Different representations of Euclidean geometry and their application to the space-time geometry

TL;DR

This paper explores three different ways to represent Euclidean geometry, emphasizing the sigma-representation's suitability for modifying geometry to model multivariant space-time, which may explain quantum effects.

Contribution

It introduces and compares three representations of Euclidean geometry, highlighting the sigma-representation's advantages for modeling multivariant space-time geometry.

Findings

Sigma-representation effectively models multivariant geometry.

Multivariance in space-time geometry explains quantum effects.
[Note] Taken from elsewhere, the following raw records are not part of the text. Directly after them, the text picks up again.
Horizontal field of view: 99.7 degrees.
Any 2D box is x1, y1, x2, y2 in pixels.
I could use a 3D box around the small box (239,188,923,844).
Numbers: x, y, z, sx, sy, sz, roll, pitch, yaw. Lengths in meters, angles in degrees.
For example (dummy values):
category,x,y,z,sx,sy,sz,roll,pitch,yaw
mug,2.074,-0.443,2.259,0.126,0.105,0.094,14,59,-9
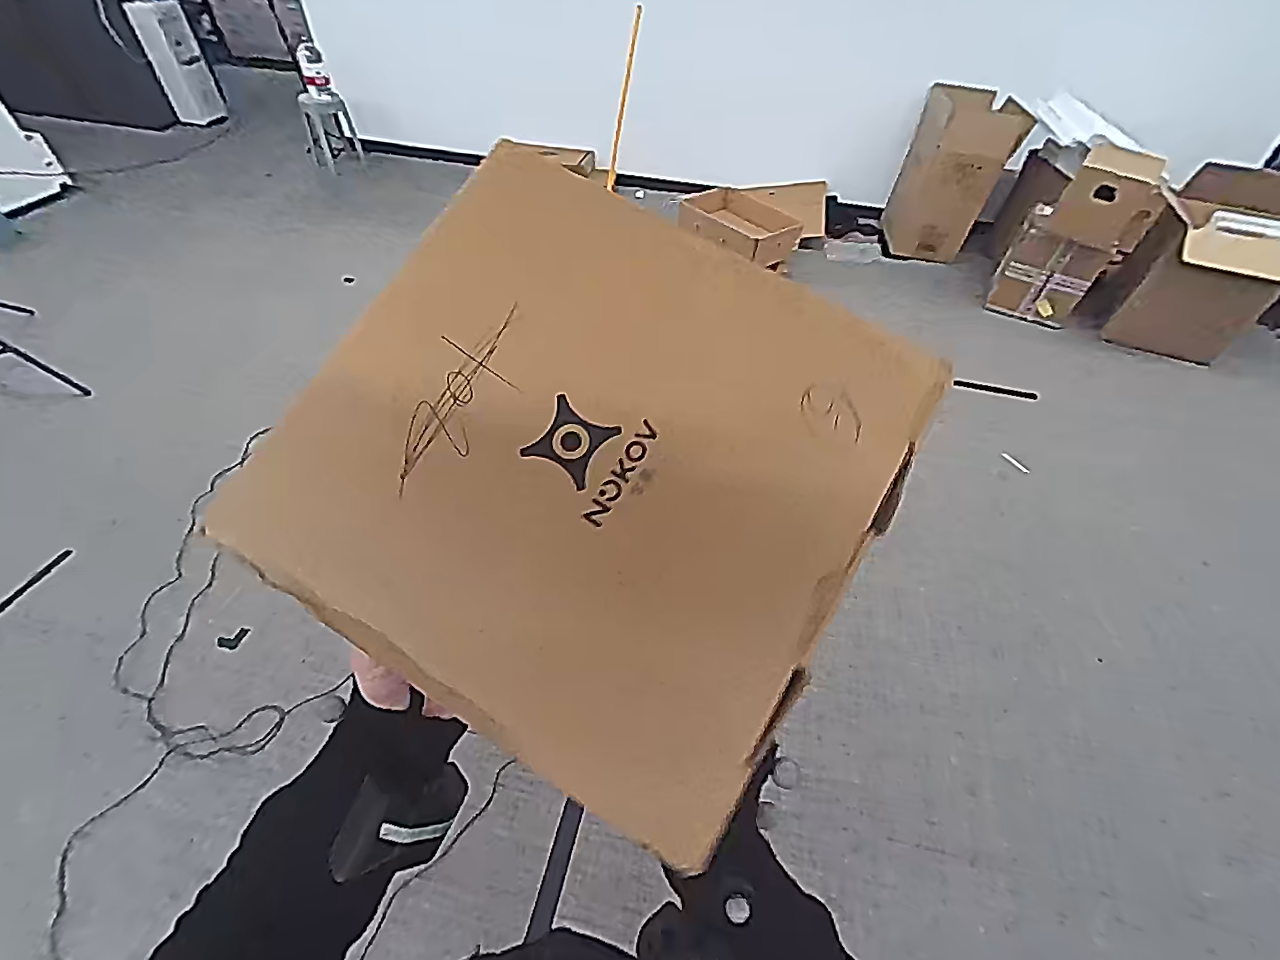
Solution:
category,x,y,z,sx,sy,sz,roll,pitch,yaw
small box,-0.014,0.015,0.256,0.179,0.176,0.168,27,78,9

The real space-time geometry is inherently multivariant.

Abstract

Three different representation of the proper Euclidean geometry are considered. They differ in the number of basic elements, from which the geometrical objects are constructed. In E-representation there are three basic elements (point, segment, angle) and no additional structures. V-representation contains two basic elements (point, vector) and additional structure: linear vector space. In sigma-representation there is only one basic element and additional structure: world function \sigma =\rho^{2}/2, where \rho is the distance. The concept of distance appears in all representations. However, as a structure, determining the geometry, the distance appears only in the sigma-representation. The sigma-representation is most appropriate for modification of the proper Euclidean geometry. Practically any modification of the proper Euclidean geometry turns it into multivariant geometry, where there are many vectors Q_0Q_1, Q_0Q_1^{\prime},..., which are equal to the vector P_0P_1, but they are not equal between themselves, in general. Concept of multivariance is very important in application to the space-time geometry. The real space-time geometry is multivariant. Multivariance of the space-time geometry is responsible for quantum effects.